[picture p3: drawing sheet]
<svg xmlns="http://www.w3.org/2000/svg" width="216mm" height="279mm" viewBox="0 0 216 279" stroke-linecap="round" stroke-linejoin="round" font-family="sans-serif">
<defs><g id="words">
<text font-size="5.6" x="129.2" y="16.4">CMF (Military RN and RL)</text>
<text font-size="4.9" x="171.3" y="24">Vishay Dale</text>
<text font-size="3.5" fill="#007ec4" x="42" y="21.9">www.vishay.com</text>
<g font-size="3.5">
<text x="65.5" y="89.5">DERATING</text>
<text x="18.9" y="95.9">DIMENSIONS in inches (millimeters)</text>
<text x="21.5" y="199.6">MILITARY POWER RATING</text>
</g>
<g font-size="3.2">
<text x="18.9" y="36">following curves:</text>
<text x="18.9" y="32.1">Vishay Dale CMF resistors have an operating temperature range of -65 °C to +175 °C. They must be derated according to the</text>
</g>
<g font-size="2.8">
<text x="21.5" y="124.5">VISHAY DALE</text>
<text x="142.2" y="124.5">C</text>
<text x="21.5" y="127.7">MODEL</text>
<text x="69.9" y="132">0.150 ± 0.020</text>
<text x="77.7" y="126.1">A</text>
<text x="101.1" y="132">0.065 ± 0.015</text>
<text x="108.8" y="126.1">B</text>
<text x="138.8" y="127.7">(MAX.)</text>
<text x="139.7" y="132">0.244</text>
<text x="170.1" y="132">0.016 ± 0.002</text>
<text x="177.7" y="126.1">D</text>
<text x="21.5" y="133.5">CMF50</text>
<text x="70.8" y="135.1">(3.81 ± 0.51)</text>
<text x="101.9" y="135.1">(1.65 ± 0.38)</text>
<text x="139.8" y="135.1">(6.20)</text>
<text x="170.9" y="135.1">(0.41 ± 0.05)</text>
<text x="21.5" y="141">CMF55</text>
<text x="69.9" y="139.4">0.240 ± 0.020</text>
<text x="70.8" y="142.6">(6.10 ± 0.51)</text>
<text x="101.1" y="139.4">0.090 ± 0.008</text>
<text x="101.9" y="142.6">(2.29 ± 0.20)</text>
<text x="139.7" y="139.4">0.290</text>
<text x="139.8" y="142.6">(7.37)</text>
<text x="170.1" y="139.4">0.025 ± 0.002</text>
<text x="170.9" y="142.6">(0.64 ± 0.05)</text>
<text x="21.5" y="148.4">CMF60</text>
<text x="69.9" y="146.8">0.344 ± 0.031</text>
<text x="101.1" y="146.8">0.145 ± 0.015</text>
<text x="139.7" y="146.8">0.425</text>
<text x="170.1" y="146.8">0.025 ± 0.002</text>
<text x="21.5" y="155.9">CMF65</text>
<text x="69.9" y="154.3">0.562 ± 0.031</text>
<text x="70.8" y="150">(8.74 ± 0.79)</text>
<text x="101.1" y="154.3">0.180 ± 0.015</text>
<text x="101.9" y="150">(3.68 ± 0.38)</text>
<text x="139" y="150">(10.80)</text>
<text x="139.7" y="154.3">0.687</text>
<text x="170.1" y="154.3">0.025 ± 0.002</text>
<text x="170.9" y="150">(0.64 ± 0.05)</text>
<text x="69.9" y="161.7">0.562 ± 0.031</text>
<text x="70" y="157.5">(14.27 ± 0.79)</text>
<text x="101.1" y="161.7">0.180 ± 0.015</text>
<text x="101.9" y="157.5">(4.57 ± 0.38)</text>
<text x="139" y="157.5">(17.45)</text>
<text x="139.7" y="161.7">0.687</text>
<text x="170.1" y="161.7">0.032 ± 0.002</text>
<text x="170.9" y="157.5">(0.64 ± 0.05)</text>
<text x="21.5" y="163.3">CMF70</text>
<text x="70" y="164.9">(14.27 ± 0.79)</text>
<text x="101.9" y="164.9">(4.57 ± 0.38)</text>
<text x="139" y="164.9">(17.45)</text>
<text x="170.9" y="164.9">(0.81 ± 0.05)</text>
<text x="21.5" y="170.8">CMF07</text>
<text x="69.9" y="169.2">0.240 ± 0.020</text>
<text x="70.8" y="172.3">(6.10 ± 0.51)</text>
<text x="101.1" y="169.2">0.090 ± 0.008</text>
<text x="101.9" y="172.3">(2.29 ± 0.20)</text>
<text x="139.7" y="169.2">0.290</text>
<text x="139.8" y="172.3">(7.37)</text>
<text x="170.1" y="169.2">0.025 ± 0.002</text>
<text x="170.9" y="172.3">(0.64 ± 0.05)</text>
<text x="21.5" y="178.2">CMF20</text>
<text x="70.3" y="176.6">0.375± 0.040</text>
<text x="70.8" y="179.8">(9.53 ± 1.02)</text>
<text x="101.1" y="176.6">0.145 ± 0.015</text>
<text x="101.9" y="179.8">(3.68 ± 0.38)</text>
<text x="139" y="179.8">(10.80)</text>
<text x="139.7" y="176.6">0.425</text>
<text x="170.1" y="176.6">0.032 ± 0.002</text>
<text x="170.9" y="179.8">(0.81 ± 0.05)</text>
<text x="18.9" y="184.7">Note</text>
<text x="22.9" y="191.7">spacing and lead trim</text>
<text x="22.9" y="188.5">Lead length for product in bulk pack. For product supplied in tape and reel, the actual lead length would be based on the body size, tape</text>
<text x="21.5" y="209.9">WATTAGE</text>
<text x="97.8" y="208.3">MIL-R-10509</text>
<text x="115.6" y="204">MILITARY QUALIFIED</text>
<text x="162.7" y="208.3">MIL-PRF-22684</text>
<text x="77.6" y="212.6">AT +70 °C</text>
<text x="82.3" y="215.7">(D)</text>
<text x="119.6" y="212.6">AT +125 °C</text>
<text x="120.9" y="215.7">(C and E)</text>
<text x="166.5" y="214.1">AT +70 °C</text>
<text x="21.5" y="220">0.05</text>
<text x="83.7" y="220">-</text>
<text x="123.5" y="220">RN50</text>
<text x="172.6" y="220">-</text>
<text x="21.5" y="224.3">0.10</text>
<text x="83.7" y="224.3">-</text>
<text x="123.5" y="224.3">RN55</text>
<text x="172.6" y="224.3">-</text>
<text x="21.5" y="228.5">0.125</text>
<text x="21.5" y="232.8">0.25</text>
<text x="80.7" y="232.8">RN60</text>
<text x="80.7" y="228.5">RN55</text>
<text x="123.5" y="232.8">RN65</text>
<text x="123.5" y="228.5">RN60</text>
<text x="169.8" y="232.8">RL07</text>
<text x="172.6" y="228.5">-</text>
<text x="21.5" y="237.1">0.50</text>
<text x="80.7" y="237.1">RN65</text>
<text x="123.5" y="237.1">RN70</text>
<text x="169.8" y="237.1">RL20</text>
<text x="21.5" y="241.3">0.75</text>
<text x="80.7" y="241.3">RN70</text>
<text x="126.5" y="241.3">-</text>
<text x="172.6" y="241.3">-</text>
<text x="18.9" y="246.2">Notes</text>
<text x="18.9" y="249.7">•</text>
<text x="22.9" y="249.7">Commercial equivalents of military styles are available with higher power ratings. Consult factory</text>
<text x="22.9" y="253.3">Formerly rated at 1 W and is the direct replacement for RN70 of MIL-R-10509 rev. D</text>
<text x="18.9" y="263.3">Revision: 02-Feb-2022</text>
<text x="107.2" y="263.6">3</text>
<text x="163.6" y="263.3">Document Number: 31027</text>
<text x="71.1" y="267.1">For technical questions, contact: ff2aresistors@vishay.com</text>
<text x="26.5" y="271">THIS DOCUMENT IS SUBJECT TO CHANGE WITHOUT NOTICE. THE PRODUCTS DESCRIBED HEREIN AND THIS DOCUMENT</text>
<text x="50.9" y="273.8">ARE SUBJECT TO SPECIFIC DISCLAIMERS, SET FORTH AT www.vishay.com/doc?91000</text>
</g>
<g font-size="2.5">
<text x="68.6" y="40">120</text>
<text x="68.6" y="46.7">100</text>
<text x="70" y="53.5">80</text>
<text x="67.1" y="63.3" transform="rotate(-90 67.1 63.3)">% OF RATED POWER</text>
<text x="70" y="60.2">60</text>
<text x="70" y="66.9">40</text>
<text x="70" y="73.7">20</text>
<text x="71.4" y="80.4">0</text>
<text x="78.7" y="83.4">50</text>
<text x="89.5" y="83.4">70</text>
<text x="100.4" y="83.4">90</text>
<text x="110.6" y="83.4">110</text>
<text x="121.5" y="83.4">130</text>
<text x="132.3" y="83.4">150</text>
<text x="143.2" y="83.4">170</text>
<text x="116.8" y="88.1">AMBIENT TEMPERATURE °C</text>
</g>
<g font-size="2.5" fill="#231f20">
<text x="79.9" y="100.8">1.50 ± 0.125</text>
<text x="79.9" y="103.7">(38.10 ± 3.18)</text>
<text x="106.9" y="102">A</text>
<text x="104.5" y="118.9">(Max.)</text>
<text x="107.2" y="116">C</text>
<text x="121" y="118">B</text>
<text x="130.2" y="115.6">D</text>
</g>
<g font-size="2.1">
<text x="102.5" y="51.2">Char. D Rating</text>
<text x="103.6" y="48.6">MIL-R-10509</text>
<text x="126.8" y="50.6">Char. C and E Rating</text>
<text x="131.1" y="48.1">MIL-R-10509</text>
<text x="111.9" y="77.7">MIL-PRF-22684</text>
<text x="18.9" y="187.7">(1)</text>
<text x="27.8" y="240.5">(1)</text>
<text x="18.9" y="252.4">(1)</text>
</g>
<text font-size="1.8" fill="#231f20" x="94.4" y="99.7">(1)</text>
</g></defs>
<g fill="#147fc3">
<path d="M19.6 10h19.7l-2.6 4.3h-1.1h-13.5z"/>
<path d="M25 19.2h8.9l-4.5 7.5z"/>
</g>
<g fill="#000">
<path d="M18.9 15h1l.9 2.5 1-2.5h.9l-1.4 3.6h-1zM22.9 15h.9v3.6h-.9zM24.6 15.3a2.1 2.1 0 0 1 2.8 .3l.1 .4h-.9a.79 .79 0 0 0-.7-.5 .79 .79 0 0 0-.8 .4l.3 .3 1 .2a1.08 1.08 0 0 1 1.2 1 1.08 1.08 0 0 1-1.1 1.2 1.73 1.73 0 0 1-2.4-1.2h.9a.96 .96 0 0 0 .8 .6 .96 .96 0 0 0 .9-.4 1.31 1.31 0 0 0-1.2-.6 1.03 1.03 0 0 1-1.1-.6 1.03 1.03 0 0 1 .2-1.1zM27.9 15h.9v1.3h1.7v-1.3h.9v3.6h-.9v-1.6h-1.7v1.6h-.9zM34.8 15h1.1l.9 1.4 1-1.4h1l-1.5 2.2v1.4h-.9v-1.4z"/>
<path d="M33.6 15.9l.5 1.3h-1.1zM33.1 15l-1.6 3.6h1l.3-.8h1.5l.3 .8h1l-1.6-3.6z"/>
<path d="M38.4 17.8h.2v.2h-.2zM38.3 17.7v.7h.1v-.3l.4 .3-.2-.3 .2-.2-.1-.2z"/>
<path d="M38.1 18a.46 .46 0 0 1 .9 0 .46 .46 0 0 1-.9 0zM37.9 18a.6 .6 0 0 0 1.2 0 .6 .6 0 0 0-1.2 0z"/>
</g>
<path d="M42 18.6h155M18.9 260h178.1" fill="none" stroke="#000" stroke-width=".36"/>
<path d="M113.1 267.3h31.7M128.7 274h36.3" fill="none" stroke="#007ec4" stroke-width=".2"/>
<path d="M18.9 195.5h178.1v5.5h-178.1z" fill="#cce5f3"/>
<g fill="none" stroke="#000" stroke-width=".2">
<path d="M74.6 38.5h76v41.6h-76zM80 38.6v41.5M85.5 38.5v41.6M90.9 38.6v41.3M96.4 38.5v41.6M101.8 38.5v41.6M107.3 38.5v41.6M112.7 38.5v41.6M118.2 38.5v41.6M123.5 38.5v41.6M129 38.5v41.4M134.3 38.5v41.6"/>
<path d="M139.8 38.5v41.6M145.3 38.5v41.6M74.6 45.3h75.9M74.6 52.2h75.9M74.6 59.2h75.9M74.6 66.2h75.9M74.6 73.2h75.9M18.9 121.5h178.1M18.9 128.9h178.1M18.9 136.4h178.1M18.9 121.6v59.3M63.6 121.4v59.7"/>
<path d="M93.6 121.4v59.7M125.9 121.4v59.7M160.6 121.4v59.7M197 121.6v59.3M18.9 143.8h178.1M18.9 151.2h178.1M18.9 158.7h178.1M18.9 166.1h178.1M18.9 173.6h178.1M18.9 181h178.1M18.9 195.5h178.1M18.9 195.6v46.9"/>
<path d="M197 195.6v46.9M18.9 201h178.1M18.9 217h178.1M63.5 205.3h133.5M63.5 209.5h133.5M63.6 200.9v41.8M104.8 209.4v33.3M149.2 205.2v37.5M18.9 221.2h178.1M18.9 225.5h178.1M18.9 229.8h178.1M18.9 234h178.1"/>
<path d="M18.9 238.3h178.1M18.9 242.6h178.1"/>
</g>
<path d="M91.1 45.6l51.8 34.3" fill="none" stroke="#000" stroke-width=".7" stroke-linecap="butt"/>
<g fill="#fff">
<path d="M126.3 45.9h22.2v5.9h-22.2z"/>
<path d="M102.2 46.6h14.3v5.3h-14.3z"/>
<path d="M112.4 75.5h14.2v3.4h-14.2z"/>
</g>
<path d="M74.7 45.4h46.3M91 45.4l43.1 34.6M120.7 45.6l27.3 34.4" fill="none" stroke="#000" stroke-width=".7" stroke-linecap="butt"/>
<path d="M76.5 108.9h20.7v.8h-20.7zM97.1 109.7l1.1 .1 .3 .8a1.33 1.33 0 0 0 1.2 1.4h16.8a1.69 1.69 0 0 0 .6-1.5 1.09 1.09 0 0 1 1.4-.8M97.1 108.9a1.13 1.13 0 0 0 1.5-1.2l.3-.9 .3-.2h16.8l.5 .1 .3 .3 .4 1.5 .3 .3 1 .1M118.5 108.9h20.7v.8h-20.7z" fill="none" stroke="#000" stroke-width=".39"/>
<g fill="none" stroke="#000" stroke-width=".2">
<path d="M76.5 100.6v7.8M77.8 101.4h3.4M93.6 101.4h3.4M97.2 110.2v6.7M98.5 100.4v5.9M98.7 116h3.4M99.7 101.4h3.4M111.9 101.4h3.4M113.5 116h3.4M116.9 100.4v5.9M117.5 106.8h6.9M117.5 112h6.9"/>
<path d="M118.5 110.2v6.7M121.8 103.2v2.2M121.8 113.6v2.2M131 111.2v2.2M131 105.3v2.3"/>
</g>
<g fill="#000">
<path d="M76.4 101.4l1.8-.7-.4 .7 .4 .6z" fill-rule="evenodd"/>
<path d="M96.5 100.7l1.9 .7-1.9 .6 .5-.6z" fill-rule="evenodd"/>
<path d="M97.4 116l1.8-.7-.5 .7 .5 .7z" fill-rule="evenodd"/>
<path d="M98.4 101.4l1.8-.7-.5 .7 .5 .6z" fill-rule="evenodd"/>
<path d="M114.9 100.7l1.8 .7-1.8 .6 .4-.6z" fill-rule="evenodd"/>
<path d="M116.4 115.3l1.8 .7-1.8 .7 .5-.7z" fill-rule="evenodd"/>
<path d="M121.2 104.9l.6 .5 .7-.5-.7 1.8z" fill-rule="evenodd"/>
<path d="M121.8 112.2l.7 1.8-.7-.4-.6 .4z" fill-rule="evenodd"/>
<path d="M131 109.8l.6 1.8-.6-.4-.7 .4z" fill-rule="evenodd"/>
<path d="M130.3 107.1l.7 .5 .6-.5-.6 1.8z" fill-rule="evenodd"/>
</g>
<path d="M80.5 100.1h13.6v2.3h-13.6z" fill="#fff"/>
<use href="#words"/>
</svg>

----------------------------------------

» **Task item**
Tally the lines of the listing in which the word "none" occurs, and state the total alone.

» **The completed task**
7